CMA Confirms Vandemoortele's Concession That Délifrance Acquisition May Substantially Lessen UK Frozen Pastry Competition, Triggering Phase 2 Risk
Belgian food group Vandemoortele has formally notified the Competition and Markets Authority (CMA) that it accepts its proposed acquisition of French bakery group Délifrance may result in a substantial lessening of competition in the supply of frozen laminated-dough products (which includes croissants, pain au chocolat, and similar pastries, known commercially as viennoiserie) to both retail and foodservice customers in the UK. The CMA's Phase 1 investigation, concluded in April, found that the combined entity could become the largest supplier of frozen viennoiserie products in the UK by a considerable margin, potentially leading to higher prices or reduced product quality for customers.

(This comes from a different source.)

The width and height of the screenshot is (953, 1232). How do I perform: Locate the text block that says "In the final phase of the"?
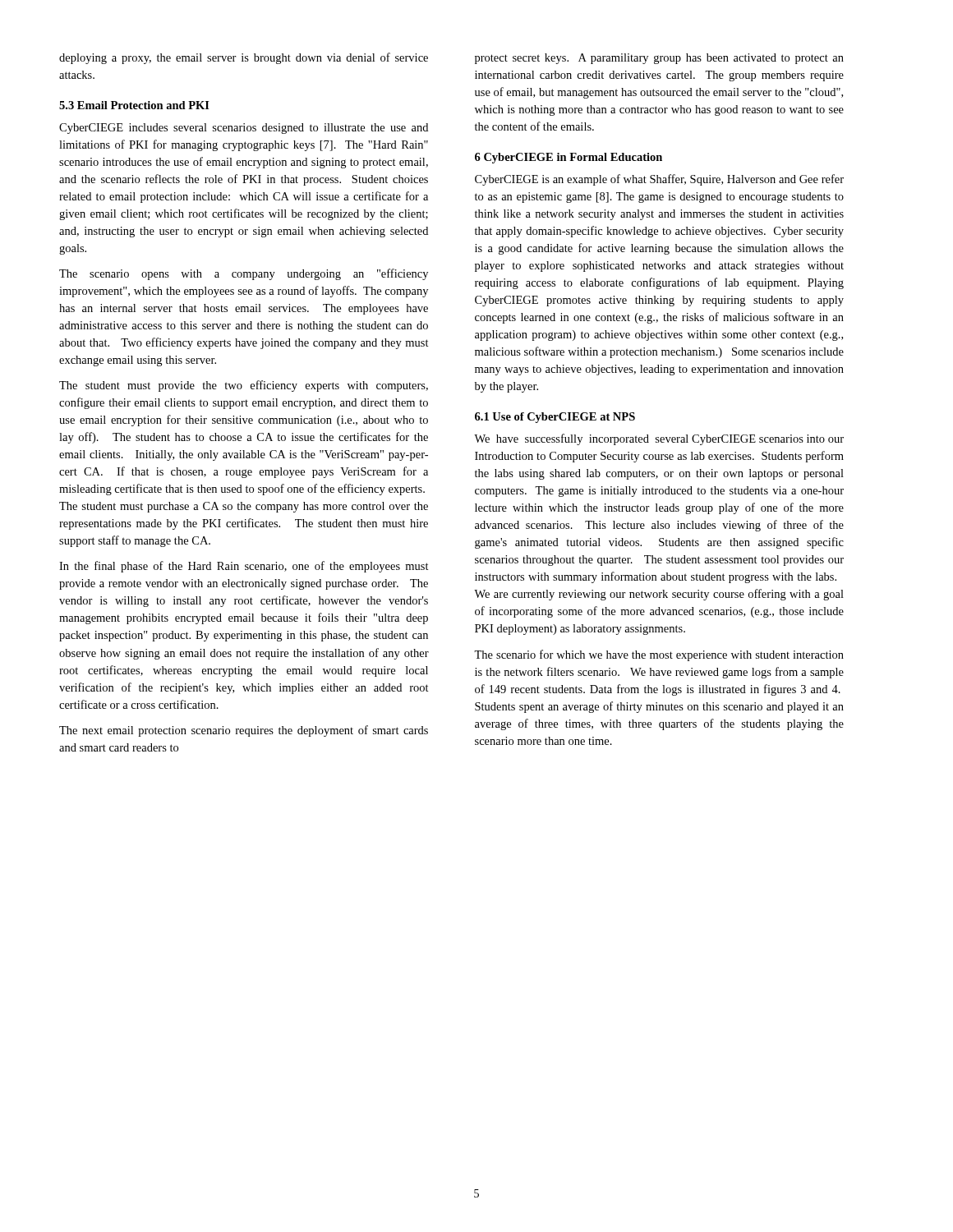click(244, 635)

Vandemoortele's acceptance of this finding is a significant procedural step: by conceding the competition concern identified at Phase 1, the parties have acknowledged that some form of remedy — typically either a divestiture (selling part of the business to a third party) or behavioural undertakings (commitments to behave in certain ways post-merger) — will be required to obtain clearance. The deal now moves into a remedies discussion phase with the CMA. This is a cross-border European merger with direct UK competition law implications, illustrating how the CMA operates independently of the European Commission on transactions affecting UK markets following Brexit.
Why this matters
Vandemoortele's formal concession to the CMA is commercially significant because it effectively converts a Phase 1 finding into an agreed competition problem, putting the transaction into a remedies process that is less adversarial but equally demanding than a full Phase 2 investigation. For cross-border M&A lawyers, this case illustrates the post-Brexit reality that pan-European food sector consolidations must be notified and cleared separately in the UK, even where the EC has jurisdiction over the same deal. The CMA's willingness to challenge a transaction that would create the largest UK supplier in a category — even a niche food category — signals a consistently interventionist approach to horizontal concentration. Divestiture negotiations in food sector remedies cases are complex, involving carve-out due diligence, transitional services agreements, and buyer approval processes.
On the Ground
A trainee supporting a CMA merger remedies matter would be drafting the regulatory notification correspondence, preparing a compliance gap analysis memo comparing the parties' proposed undertakings against CMA precedent, and coordinating with economic and sector experts on the competitive effects analysis for the remedies submission.
Interview prep
Soundbite
When a buyer concedes a Phase 1 competition concern, the deal becomes a remedies negotiation — and the CMA holds most of the cards.
Question you might get
“What remedies are available to the CMA when it finds a merger is likely to result in a substantial lessening of competition, and how does the Phase 1 undertakings process differ from a full Phase 2 inquiry?”
Full answer
Vandemoortele has accepted that its acquisition of Délifrance may substantially lessen competition in the UK frozen viennoiserie market, formally acknowledging the CMA's Phase 1 finding and triggering a remedies process. This matters because a concession at Phase 1 is strategically significant — it avoids the cost and delay of a Phase 2 investigation but commits the parties to negotiating a remedy (likely a divestiture) on the CMA's timetable and to the CMA's satisfaction. The broader picture is a CMA that has consistently applied its post-Brexit jurisdiction to challenge cross-border European consolidation where UK market effects are material, regardless of how the European Commission treats the same transaction. This suggests that any European food sector deal with meaningful UK market share will require independent UK competition clearance, which adds both time and legal complexity to European M&A strategy.